Raleigh Needs Tips From Kitchen Nightmares Host | Eastern North Carolina Now

    This week's "Daily Journal" guest columnist is Dr. Michael Sanera, John Locke Foundation's Director of Research and Local Government Studies.

    RALEIGH     As the John Locke Foundation predicted when the doors opened in 2008, Raleigh's city-subsidized Mint restaurant is closing its doors after a net loss of $400,000.

    Here is the short version of this sad story. Some city council members wanted to impress out-of-town guests visiting their taxpayer-subsidized convention center and their $10 million remake of Fayetteville Street. Thus, the need for a white-tablecloth restaurant featuring "low country" cuisine on Fayetteville Street. They took an empty space in a city-owned building and gave the Raleigh Restaurant Group a cool $1 million to convert it into a glamorous restaurant. The first month after it opened in January 2008, the Mint lost $96,000. That's a whopping $3,100 per day.

    When the Mint continued racking up heavy losses, city council members could not admit defeat -- or suffer the political repercussions -- so they approved a renegotiated rental contract in April 2011 giving the Mint a $1,200-per-month rent reduction. The city defended this move by stating that the rental reduction was for three years on a 10-year contract. Rent increases in years four through 10 would make up for the reduction. That excuse was laughable at the time because no one believed that the Mint would make it past three years. Now, after one year of cut-rate rent, the Mint goes bust.
Dr. Michael Sanera making a salient point about better governing practices, while tutoring interested local community leaders, at a conference provided by the John Locke Foundation, February 26, 2011: Above.     photo by Stan Deatherage

    Interestingly, the Mint's owners seem to be walking away in order to open their own restaurant called Oro in the nearby PNC Plaza building, leaving Raleigh's taxpayers holding the bag. Maybe they got tired of city council members dictating the "low country" cuisine menu and the white tablecloths.

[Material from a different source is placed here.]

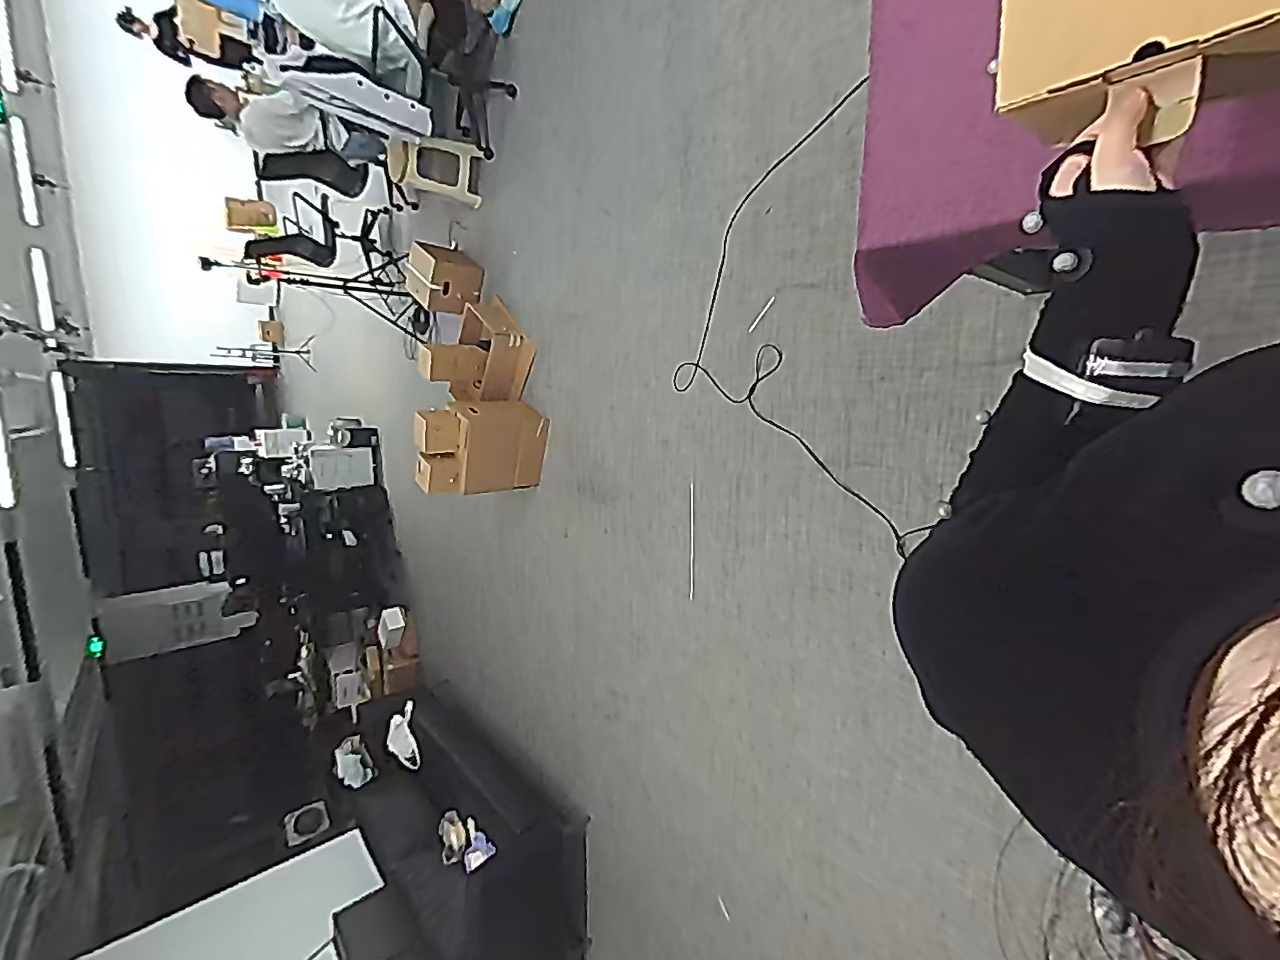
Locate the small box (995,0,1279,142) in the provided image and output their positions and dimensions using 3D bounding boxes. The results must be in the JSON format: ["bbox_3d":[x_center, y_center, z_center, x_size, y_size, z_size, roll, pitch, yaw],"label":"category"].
[{"bbox_3d":[0.376,-0.371,0.383,0.168,0.176,0.179,10,112,47],"label":"small box"}]

    Now will the city council admit defeat, get out of the restaurant business, and save taxpayer dollars? Not on you life. The plan is to reopen the restaurant with new owners and a new concept. Perhaps a hot-dog stand would work this time?

    City Manager Russell Allen claims on ABC11 television that the taxpayers have not lost anything on this deal. That is true only in the world of public-sector accounting, not in the real world of basic economics. First, you have to compare the city's claim that the Mint paid $600,000 in rent to what that space could have been rented for without the $1 million in restaurant equipment and renovations.

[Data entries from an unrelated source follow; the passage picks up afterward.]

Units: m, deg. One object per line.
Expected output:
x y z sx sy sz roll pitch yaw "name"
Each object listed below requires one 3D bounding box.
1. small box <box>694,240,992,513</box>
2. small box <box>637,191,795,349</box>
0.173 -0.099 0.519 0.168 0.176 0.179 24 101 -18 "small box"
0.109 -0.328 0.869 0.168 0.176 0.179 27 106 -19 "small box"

    Let's say the city had rented the space to a business for retail or office space and the renters paid for their own equipment and furnishings. The rent paid by this business would likely be at or above the $600,000, and the taxpayers still would have the $1 million in their pockets. In addition, the city might even have raised the rent since 2008 rather than reducing it by $1,200 per month as it did for the Mint. In addition, how much is that $1 million of restaurant equipment and furnishings worth now? If sold at auction, the city would be lucky to get back one-third to half of the original purchase price.

    To illustrate this point, let's assume the city had a $1 million to invest and had a choice between a bank on Capital Boulevard that paid 5 percent interest and another bank on Fayetteville Street that paid 1 percent interest. In order to promote downtown business activity, the city council selected the Fayetteville Street bank. After a year, the downtown bank went out of business. At this point, the city manager claimed that the city did not lose any money because the failed bank paid the city 1 percent interest, or $10,000. Unlike the city manager, any reasonable person would conclude that the city lost $40,000 on this decision.

    Mr. Allen really needs to sign up for a refresher course in basic economics, and possibly reality, if he is to continue to provide the city council advice on economic matters. I know several qualified N.C. State economics professors who would love to have him in their microeconomics classes, in which freshmen learn about "opportunity cost."

    City council members are getting plenty of help from the press in their effort to sweep this under the rug. The News & Observer and WRAL have failed to mention this story. It seems that their role as boosters of former Mayor Charles Meeker's downtown boondoggles has gotten in the way of their journalistic responsibilities. Thus, the current mayor and city council are likely to continue to fleece taxpayers by staying in the restaurant business. New owners with a new concept will be found, and the city will give them another sweetheart deal at taxpayer expense. The city manager will continue to try to snow the public and a complicit press with his public-sector accounting.

    I have a suggestion. Perhaps city council members could become reality TV stars by inviting Kitchen Nightmares host Gordon Ramsay to teach them how to run a restaurant.